→ **Description of the task**:
Any images in the records should be skipped; transcribe the rest exactly.

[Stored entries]
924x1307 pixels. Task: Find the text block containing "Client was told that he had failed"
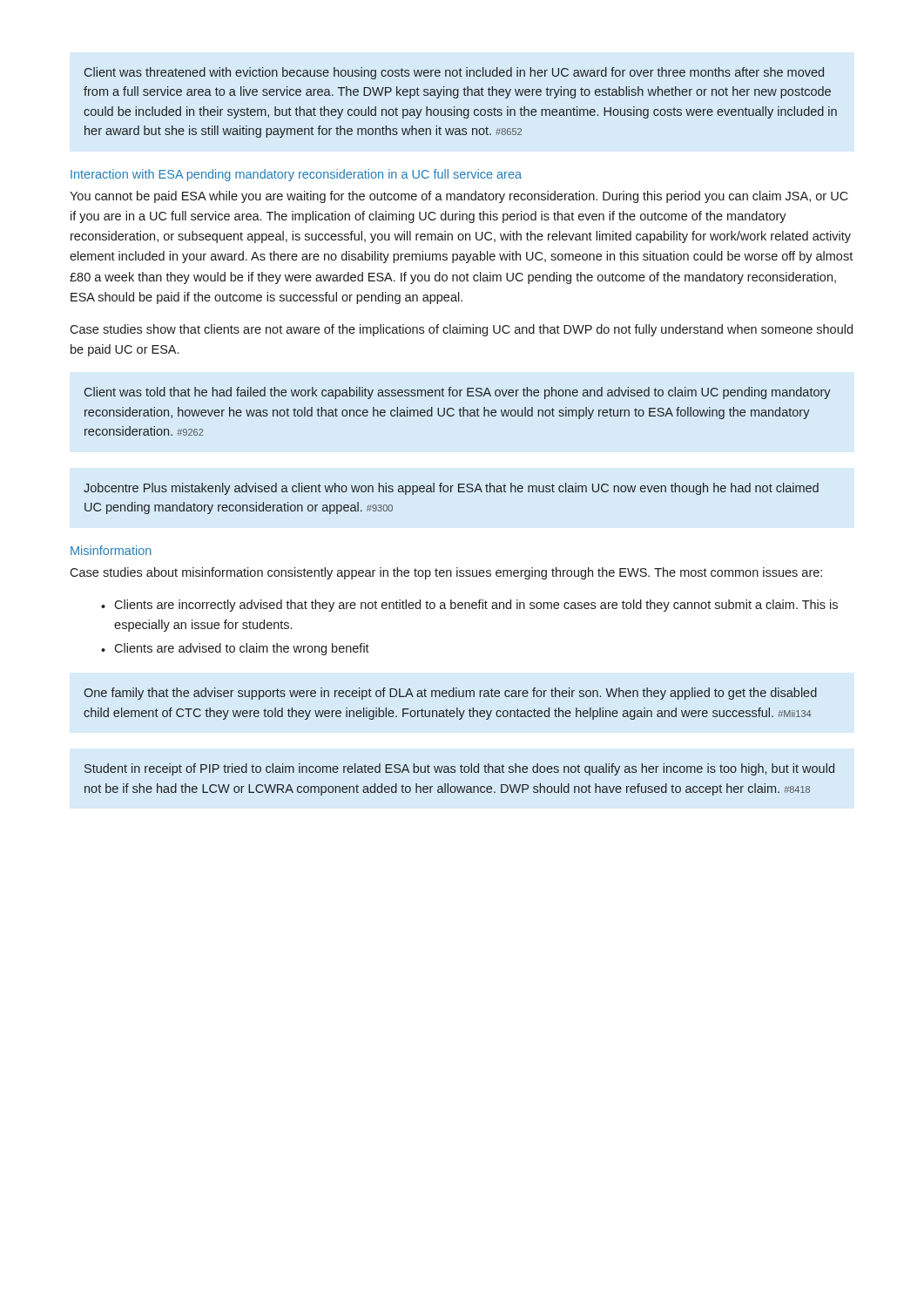457,412
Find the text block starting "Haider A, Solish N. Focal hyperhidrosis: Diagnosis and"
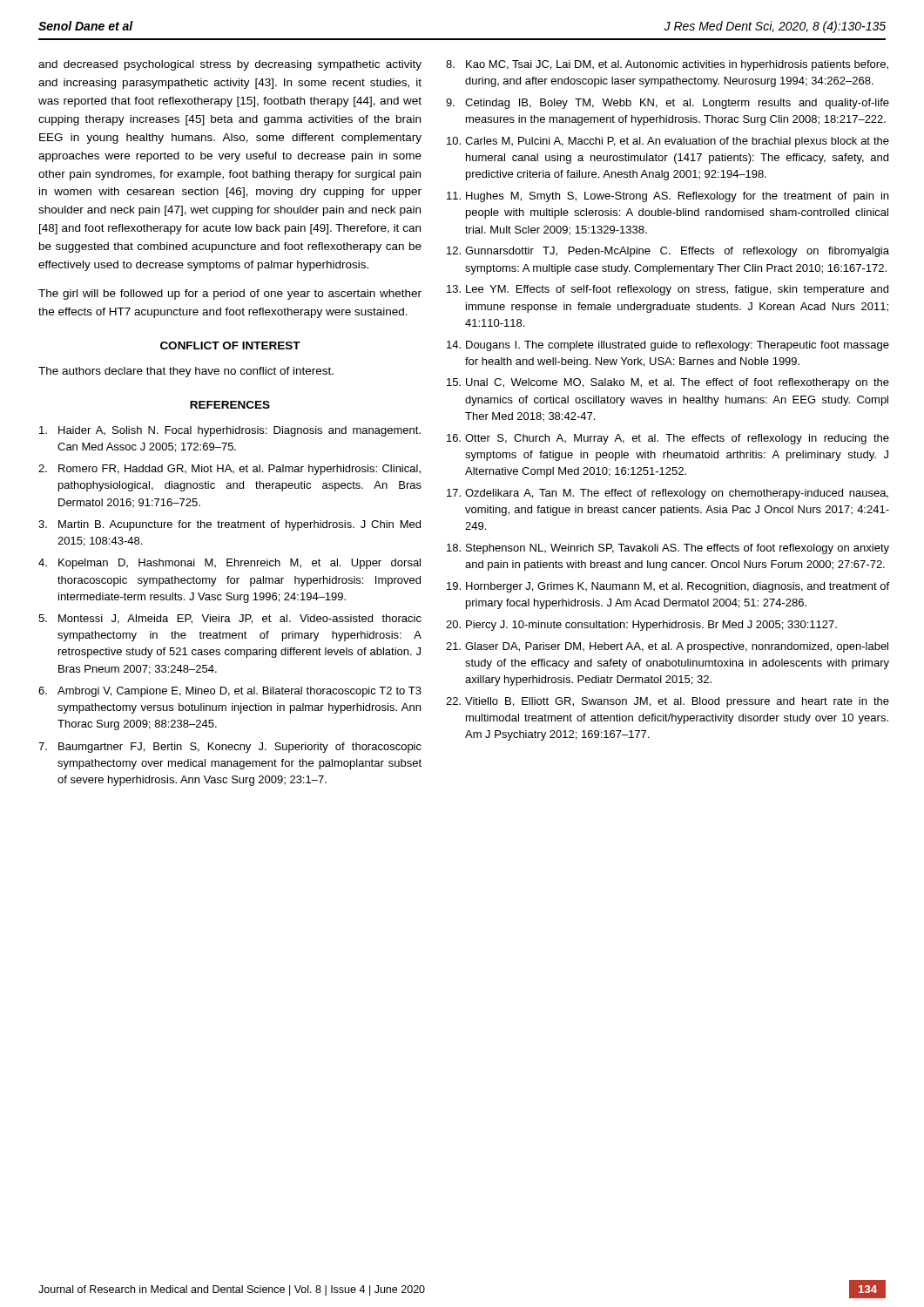The height and width of the screenshot is (1307, 924). click(230, 438)
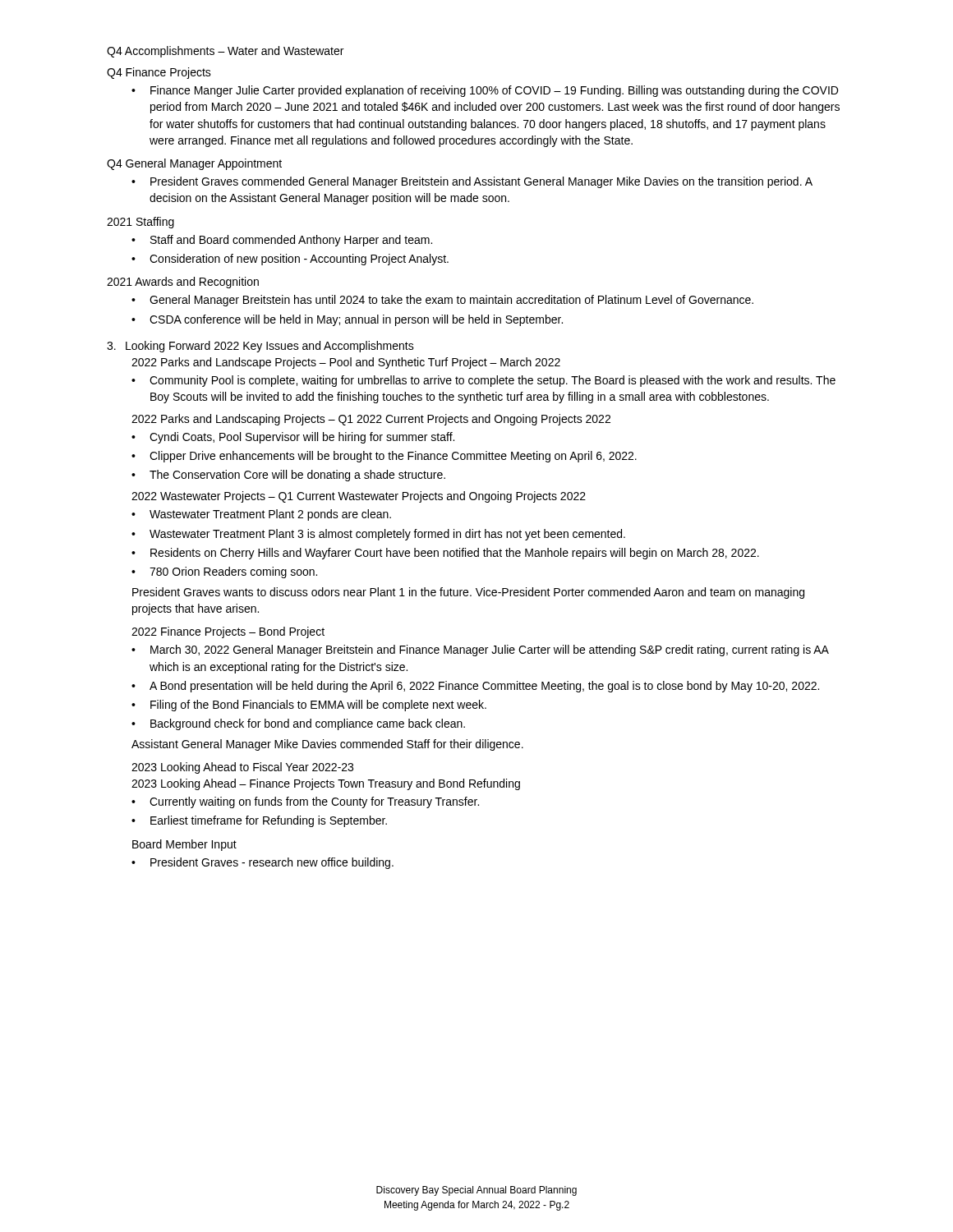Locate the block of text that opens with "• Filing of the Bond Financials"
The height and width of the screenshot is (1232, 953).
pyautogui.click(x=489, y=705)

→ **Result**:
924x1307 pixels. Task: Find the text block containing "Client was told that he had failed"
457,412
Find the text block starting "Haider A, Solish N. Focal hyperhidrosis: Diagnosis and"
The height and width of the screenshot is (1307, 924). click(230, 438)
Locate the block of text that opens with "• Filing of the Bond Financials"
The height and width of the screenshot is (1232, 953).
pyautogui.click(x=489, y=705)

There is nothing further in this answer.